A tutorial-demonstration on APIs and concert setlists by Mark Gotham

Overview

Main Topics:

  • Technical methods: structured API calls, complementary web scraping, and related matters.
  • Subject content: the order of musical events into a concert "setlist".

Learning outcomes:

  • Gain direct experience with APIs.
  • Explore what is possible, and some of the limitations.
  • Triangulate data from multiple APIs and related data gathering techniques.
  • Learn about regularities in concert setlists.

You will need:

  • Python and Jupyter notebooks running locally
    • ... including various external libraries (see environment.yml or better, get conda to do that for you)
    • ... or the equivalent set up on a site like Google's colab.
  • Clone or download the zip of this code repo.
    • I recommend cloning, so that you can keep up with any changes.

Reference solutions are provided for everything discussed here. The main python files are named in the form {where}_{what}_{how}.py. E.g., setlistfm_events_api.py goes to setlist.fm, and retrieves events using the api. Each task can be undertaken from scratch, either ignoring the reference solution entirely, or using only as a prompt when stuck. Alternatively, for a minimal version of the task, simply identify the relevant parts of the code base, and run them with your query.

Context: a spectrum of data openness

Imagine a "spectrum of data openness".

  • We have completely transparent, publicly shared, open-source data released under FAIR principles at one end.
  • At the other end, we have completely closed, proprietary software that is unavailable to external users.

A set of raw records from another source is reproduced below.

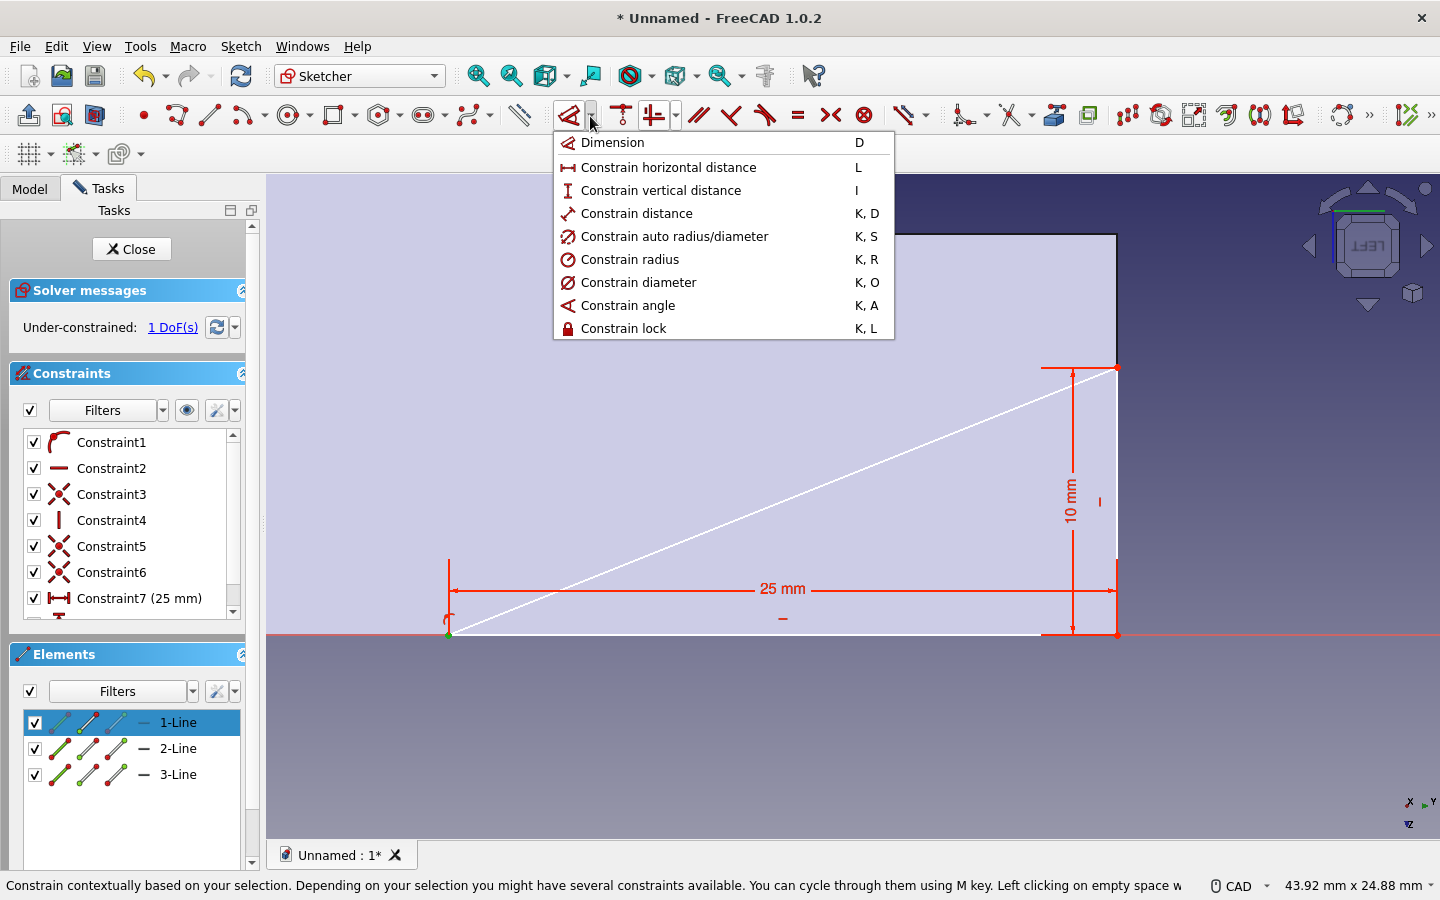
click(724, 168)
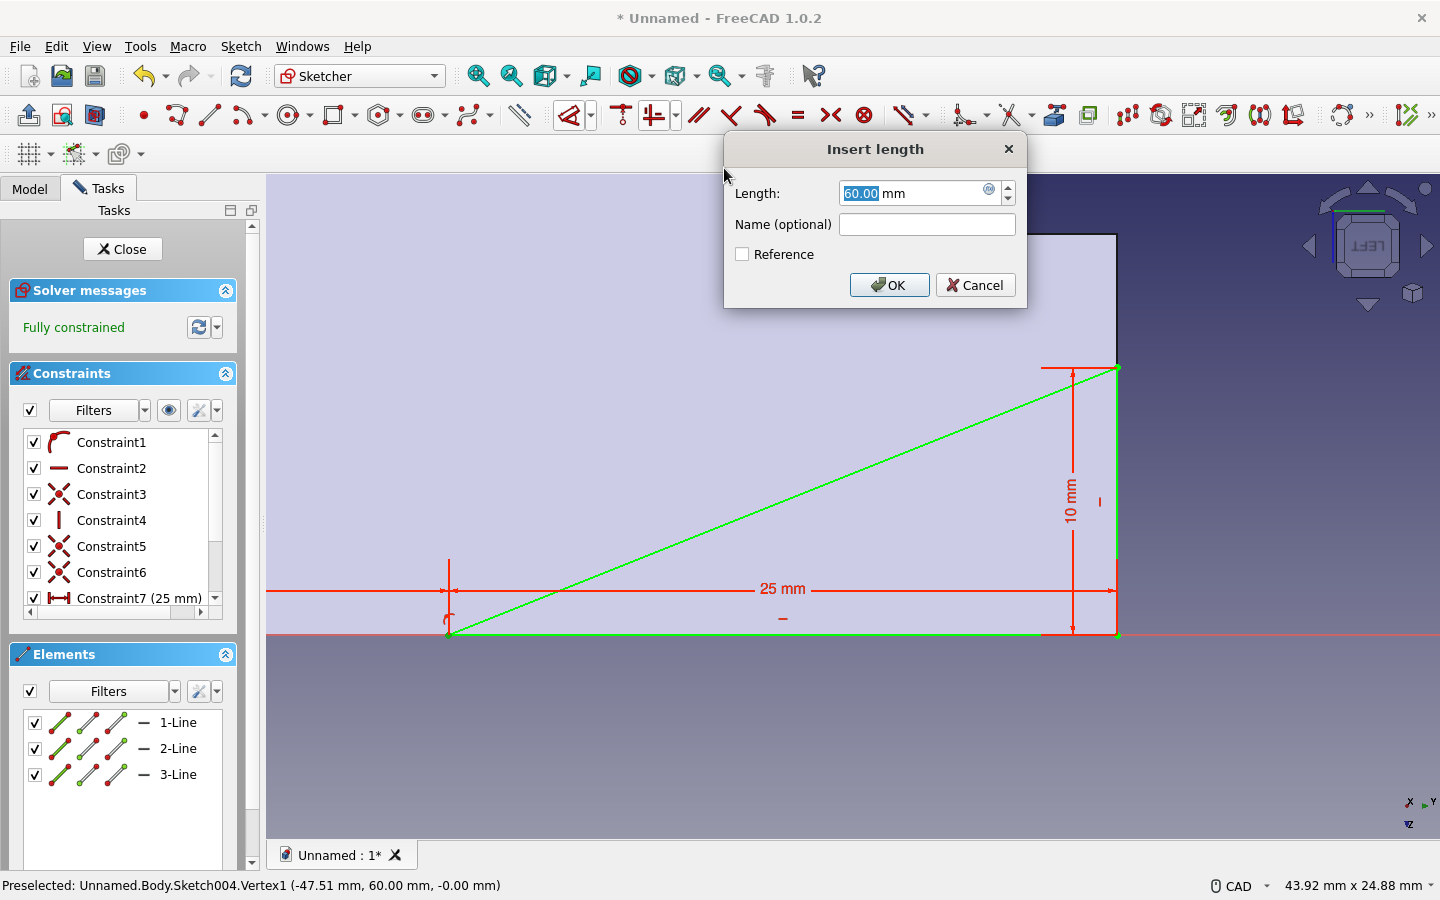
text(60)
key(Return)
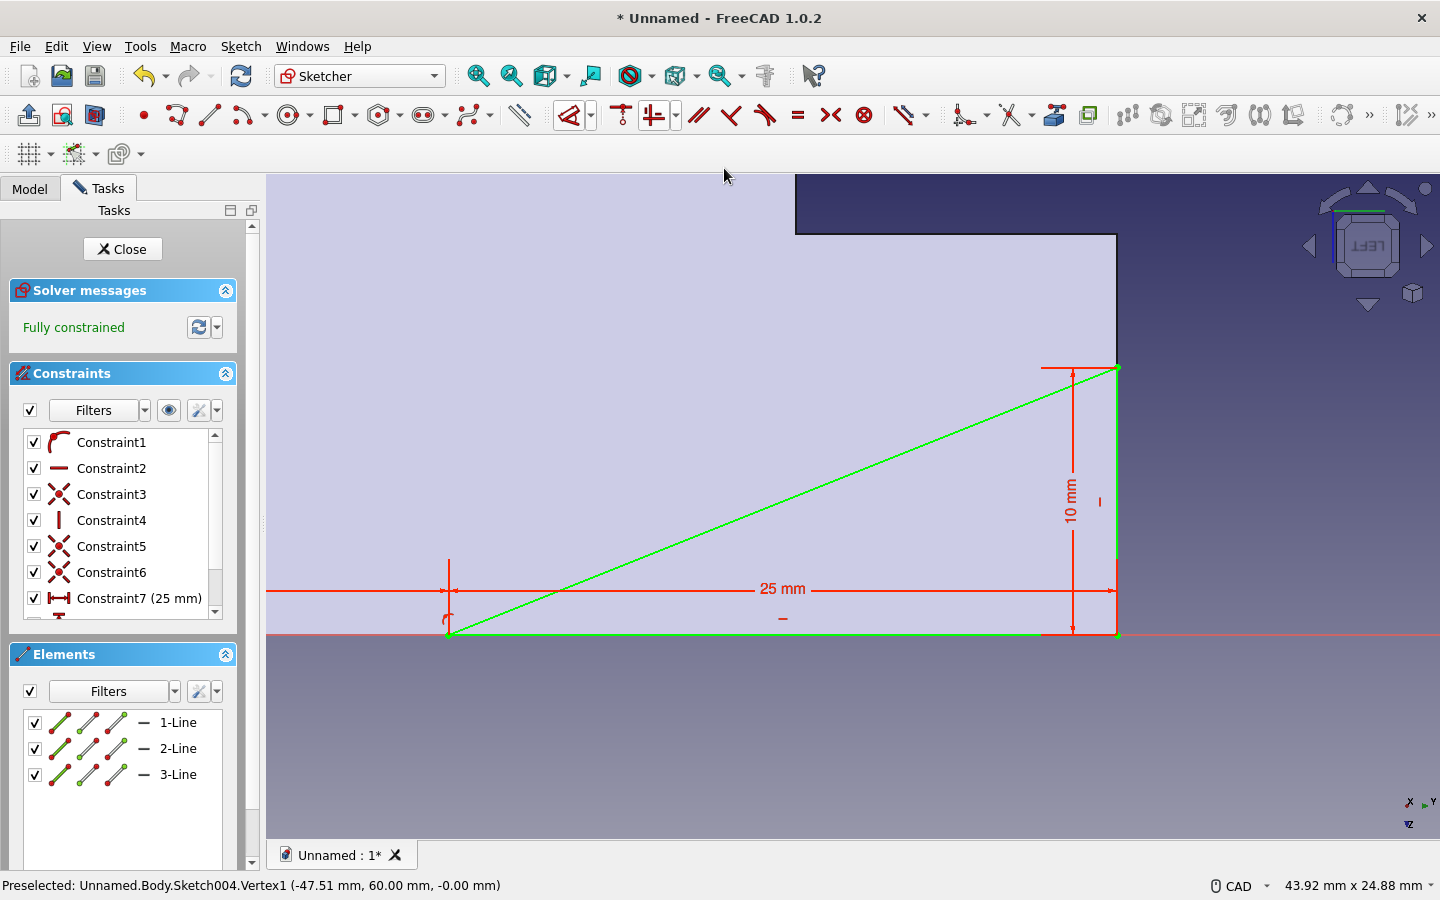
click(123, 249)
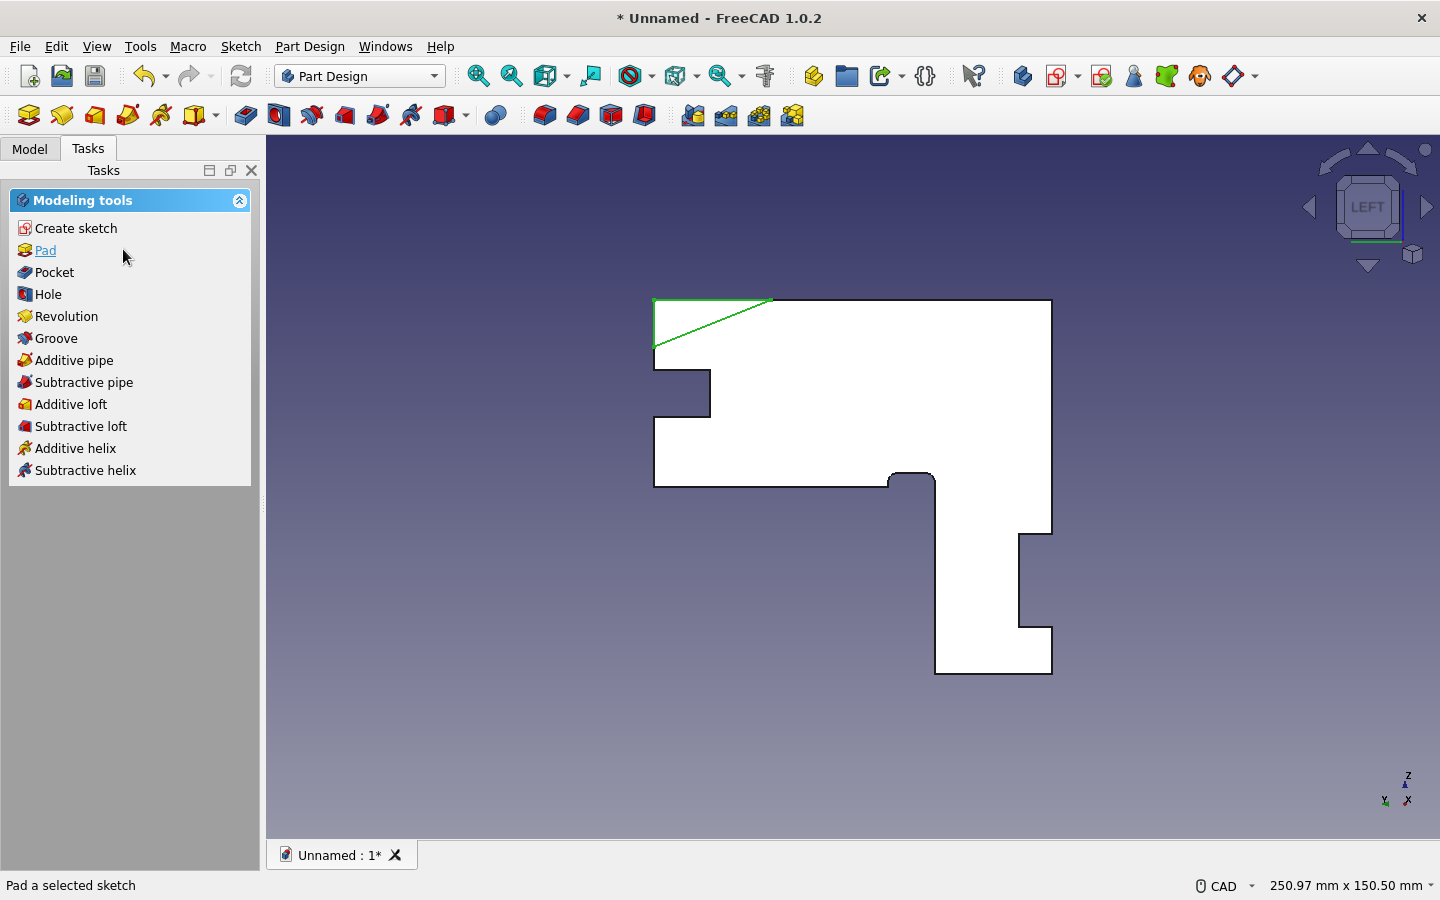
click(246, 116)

Application Programming Interfaces (APIs) are designed to sit in the middle between. Basically, someone owns and controls an environment (database, software, ...), and instead of releasing none or all of it, they chose to make some parts of the data or system available to external parties.

Task 1: setlist.fm API

Enough talk! Over to you now.

Let's start exploring the API kindly provided by setlist.fm. This is a crowdsourced collection of "setlists" at millions of concerts.

Before Getting Started

  • Go to setlist.fm's API description.
  • Note that you can choose which data format you prefer: json vs xml.
  • Note also the Data Types: we'll need these to retrieve the corresponding data.
  • Note the terms of service and rate limits etc.

Getting Started:

  • To get started, you need to get a "key".
    • Like most APIs, you need to apply for a "key" to use it.
    • Fortunately, this is easy with setlist.fm (link as above).
    • You register by choosing a username, email address and password, and briefly explaining your use case.
      • E.g., you could say "Basic exploration for research and teaching. Non-commercial."
      • The key is usually granted immediately.
  • Note: not all APIs are so straightforward.
  • You will also need "user agent" info.

Task:

  • Basic version:
    • Open sandbox.ipynb and follow instructions there.
  • Standard version:
    • Have a look at the code repo.
    • Figure out where to put your "API key" and "user agent" information.
    • Pick any event on setlist.fm and note the event ID*.
    • Get the code running to retrieve full data for that event.
  • *Hint:
    • For a simple starting point, you can see the ID of an event ID in the main, public-facing URLs.
      • These URLs take various forms, ending with the event ID, such as:
        • https://www.setlist.fm/setlists/{artist_and_other_text}_{event_ID}.html
        • Or https://www.setlist.fm/setlist/{artist}/{year/{venue-with-dashes}-{location}-{event_ID}.html
    • From this, you can construct the version of the URL for the API which is in the form:
      • https://api.setlist.fm/rest/1.0/setlist/{event_id}
    • This doesn't work (manually) the other way round:
      • Knowing the event ID is not enough to reconstruct the public-facing URL.
    • It is enough via the API. The json data for an event includes a key:value pair for the URL.
  • Bonus version:
    • Try writing all the scripts from nothing, without the reference solutions.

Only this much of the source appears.